The penchant for slapstick, notwithstanding, this is a production that honors Gilbert & Sullivan. The staging and choreography are lively and lucid. Director Albert Bergeret certainly knows how to insure that the performers use a Chinese fan to its advantage when singing a big number. The costumes are just as bright and attractive as the scenery, so as we listen to Sullivan's enduring score we always have something lovely to look at. It may not be lively musical theater in the modern sense and this particular Gilbert and Sullivan favorite probably deserves better than what it gets here but it's not a bad way to spend two and a half hours even if you're not a dyed-in-the-wool G&S fan.
The Quintessential G & S
By Elyse Sommer
The first and shorter part of the evening consisted of the complete, fully staged Trial by Jury and under Mr.

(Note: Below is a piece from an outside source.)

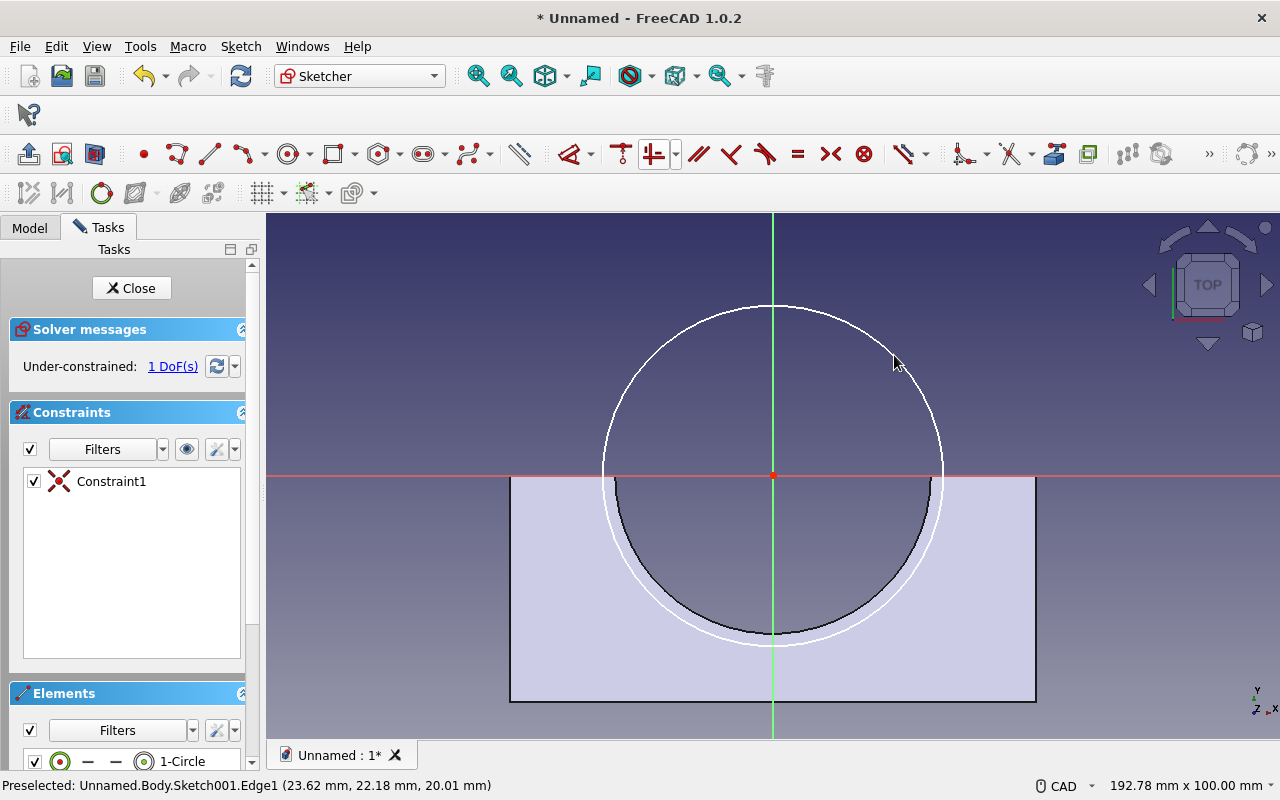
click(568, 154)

Bergeret's nimble direction the large ensemble whizzed through this amusing courtroom drama.Laurelyn Watson, now called Angeline but still yum-yum to look at played the jilted bride plaintiff and Michael Scott Harrison now played the fickle fiancé Edwin.
The longer revue section, typical of the company's penchant for broad humor had the double entendre title NYGASP à la Carte an impresario channeling D'Oyly Carte to introduce each number. as the impresario introducing each number. This introductory commentary is a good idea for people unfamiliar with the G&S canon, and probably would work even more smoothly if delivered by Albert Bergeret as listed in the program, instead of an unidentified last-minute substitute.. In case there's a doubt in anyone's mind, the selections put a heavy emphasis on the trademark patter songs of which Stephen Quint is truly a master. A number that had a large ensemble from The Yeomen of the Guard march on stage from the aisles proved Mr. Bergeret knows not only how to use a Chinese fan to its advantage when singing a big number, but to do the same thing with a cape The performers unstintingly generous performances, resulted in a few too many double encores. Naturally, the many G&S fans in the audience didn't mind but I think a slimmed down and more smoothly delivered commentary would insure the future success of this new addition to the company's repertory.